How Go saved our “Black Friday”

Earlier, we already talked about the fact that as the load grows, we gradually abandoned the use of Python in the back end of critical services in production, replacing it with Go. And today, I, Denis Girko, the team leader of the Madmin development team, want to share the details: how and why this happened on the example of one of the most important services for our business - price calculation taking into account discounts on coupons.

The mechanics of working with coupons are probably presented by anyone who has made purchases at online stores at least once. On a special page or directly in the basket you enter the coupon number, and the prices are recalculated in accordance with the promised discount. The calculation depends on what kind of coupon it provides - as a percentage, in the form of a fixed amount or using some other mathematics (for example, loyalty program points, store promotions, types of goods, etc., are additionally taken into account). Naturally, the order is issued with new prices.

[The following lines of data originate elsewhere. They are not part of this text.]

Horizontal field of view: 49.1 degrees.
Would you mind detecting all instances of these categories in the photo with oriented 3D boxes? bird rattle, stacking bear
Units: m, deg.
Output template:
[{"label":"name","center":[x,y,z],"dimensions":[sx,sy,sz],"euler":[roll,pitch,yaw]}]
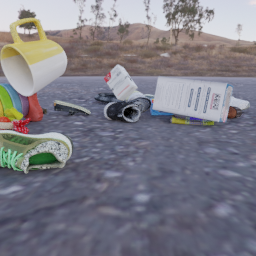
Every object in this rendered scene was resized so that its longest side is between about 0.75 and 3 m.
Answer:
[{"label":"bird rattle","center":[-3.701,-0.098,8.731],"dimensions":[1.088,0.752,1.335],"euler":[-3,24,-32]},{"label":"stacking bear","center":[-4.679,-0.732,9.709],"dimensions":[1.590,1.698,2.796],"euler":[3,18,40]}]

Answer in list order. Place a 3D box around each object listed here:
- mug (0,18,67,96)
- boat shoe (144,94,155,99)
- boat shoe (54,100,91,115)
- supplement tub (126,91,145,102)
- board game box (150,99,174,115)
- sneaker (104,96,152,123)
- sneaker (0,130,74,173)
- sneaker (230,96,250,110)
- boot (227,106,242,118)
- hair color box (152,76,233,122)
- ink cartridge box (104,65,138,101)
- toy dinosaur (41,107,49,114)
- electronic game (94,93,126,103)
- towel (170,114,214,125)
[{"label":"mug","center":[-2.959,-2.308,9.324],"dimensions":[1.699,2.121,1.741],"euler":[40,48,14]},{"label":"boat shoe","center":[1.585,-1.476,15.348],"dimensions":[1.595,0.581,0.493],"euler":[6,56,-4]},{"label":"boat shoe","center":[-2.391,-0.772,11.947],"dimensions":[1.595,0.496,0.595],"euler":[14,4,-10]},{"label":"supplement tub","center":[0.384,-1.303,13.344],"dimensions":[0.874,0.874,1.206],"euler":[-2,14,-8]},{"label":"board game box","center":[1.903,-0.965,12.670],"dimensions":[1.767,0.504,1.805],"euler":[1,13,2]},{"label":"sneaker","center":[0.272,-0.702,10.936],"dimensions":[2.229,0.841,1.269],"euler":[-15,20,-32]},{"label":"sneaker","center":[-2.186,0.548,5.673],"dimensions":[2.130,0.819,0.944],"euler":[-4,21,-10]},{"label":"sneaker","center":[4.176,-1.373,13.087],"dimensions":[2.904,1.164,1.021],"euler":[12,16,36]},{"label":"boot","center":[3.436,-0.700,11.547],"dimensions":[1.788,0.612,1.683],"euler":[-5,25,-24]},{"label":"hair color box","center":[2.305,-1.079,10.271],"dimensions":[2.679,1.340,0.811],"euler":[14,7,37]},{"label":"ink cartridge box","center":[-0.275,-1.679,10.485],"dimensions":[0.787,1.090,0.456],"euler":[-41,-22,21]},{"label":"toy dinosaur","center":[-3.774,-0.748,12.383],"dimensions":[0.436,0.328,0.852],"euler":[7,4,-21]},{"label":"electronic game","center":[-0.861,-1.633,15.742],"dimensions":[2.043,0.425,2.043],"euler":[5,16,-1]},{"label":"towel","center":[2.414,-0.318,10.557],"dimensions":[1.594,0.182,1.145],"euler":[5,14,16]}]
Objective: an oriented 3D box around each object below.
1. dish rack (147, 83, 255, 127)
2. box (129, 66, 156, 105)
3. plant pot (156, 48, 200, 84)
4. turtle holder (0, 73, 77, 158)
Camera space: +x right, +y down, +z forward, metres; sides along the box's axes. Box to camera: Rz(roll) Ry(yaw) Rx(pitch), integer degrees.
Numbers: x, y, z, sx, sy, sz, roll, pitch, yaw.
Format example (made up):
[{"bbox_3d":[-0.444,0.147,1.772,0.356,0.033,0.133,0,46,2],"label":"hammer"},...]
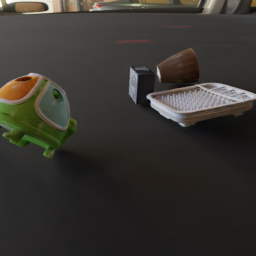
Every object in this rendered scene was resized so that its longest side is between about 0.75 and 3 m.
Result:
[{"bbox_3d":[2.211,-0.751,8.690,2.808,0.611,2.410,-11,23,-17],"label":"dish rack"},{"bbox_3d":[0.485,-1.532,9.984,0.679,1.101,1.092,-3,28,-12],"label":"box"},{"bbox_3d":[1.981,-2.421,11.613,1.514,1.415,1.415,-14,28,-2],"label":"plant pot"},{"bbox_3d":[-1.960,-0.233,6.358,2.162,1.535,1.643,31,-16,-29],"label":"turtle holder"}]
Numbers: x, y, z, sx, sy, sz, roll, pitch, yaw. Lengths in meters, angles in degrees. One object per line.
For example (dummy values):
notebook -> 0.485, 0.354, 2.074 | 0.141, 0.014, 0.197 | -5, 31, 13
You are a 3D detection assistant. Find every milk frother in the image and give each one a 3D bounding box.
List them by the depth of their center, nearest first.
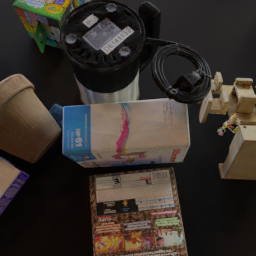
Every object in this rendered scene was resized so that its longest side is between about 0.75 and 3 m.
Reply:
milk frother -> 0.161, -1.122, 6.621 | 2.607, 2.717, 2.889 | -26, 73, -8

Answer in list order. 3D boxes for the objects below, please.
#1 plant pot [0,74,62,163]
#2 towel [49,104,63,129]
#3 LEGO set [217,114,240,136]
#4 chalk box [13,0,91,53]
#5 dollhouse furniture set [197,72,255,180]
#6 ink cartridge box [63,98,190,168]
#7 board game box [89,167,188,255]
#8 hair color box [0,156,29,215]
plant pot -> -2.596, -0.083, 6.888 | 1.674, 1.920, 1.920 | 39, 75, -5
towel -> -1.728, -0.254, 7.637 | 0.980, 0.238, 0.547 | 28, 72, 9
LEGO set -> 2.494, -0.071, 6.602 | 0.432, 0.939, 0.349 | -39, 78, -17
chalk box -> -2.179, -3.290, 8.063 | 1.415, 1.425, 2.283 | 21, 71, 7
dollhouse furniture set -> 2.933, -0.105, 7.239 | 2.104, 1.595, 2.400 | 3, 49, 1
ink cartridge box -> 0.031, 0.199, 6.468 | 2.601, 1.879, 1.101 | -5, 73, 5
board game box -> 0.196, 2.223, 6.288 | 1.890, 1.148, 2.371 | -5, 71, -2
hair color box -> -3.684, 1.745, 6.671 | 1.306, 0.775, 2.390 | 31, 72, 9

Business is delighted with all these mechanisms of working with prices, but we want to talk about the service from a slightly different point of view.
')

How it works

For the calculation of prices, taking into account all these difficulties on the back end, we now have a separate service. However, it was not always independent. The service appeared a year or two after the start of the online store, and by 2016 it was part of a large monolith in Python, which included a variety of components for marketing activity (Madmin). In an independent “block”, he stood out later, as he moved towards the microservice architecture.

As is usually the case with monoliths, Madmin was modified and partially corresponded by a large number of developers. There were integrated third-party libraries, which simplified development, but often not in the best way affected performance. However, at that time we didn’t really care about the resistance to heavy loads during sales, because the service did an excellent job with the task. But 2016 has changed everything.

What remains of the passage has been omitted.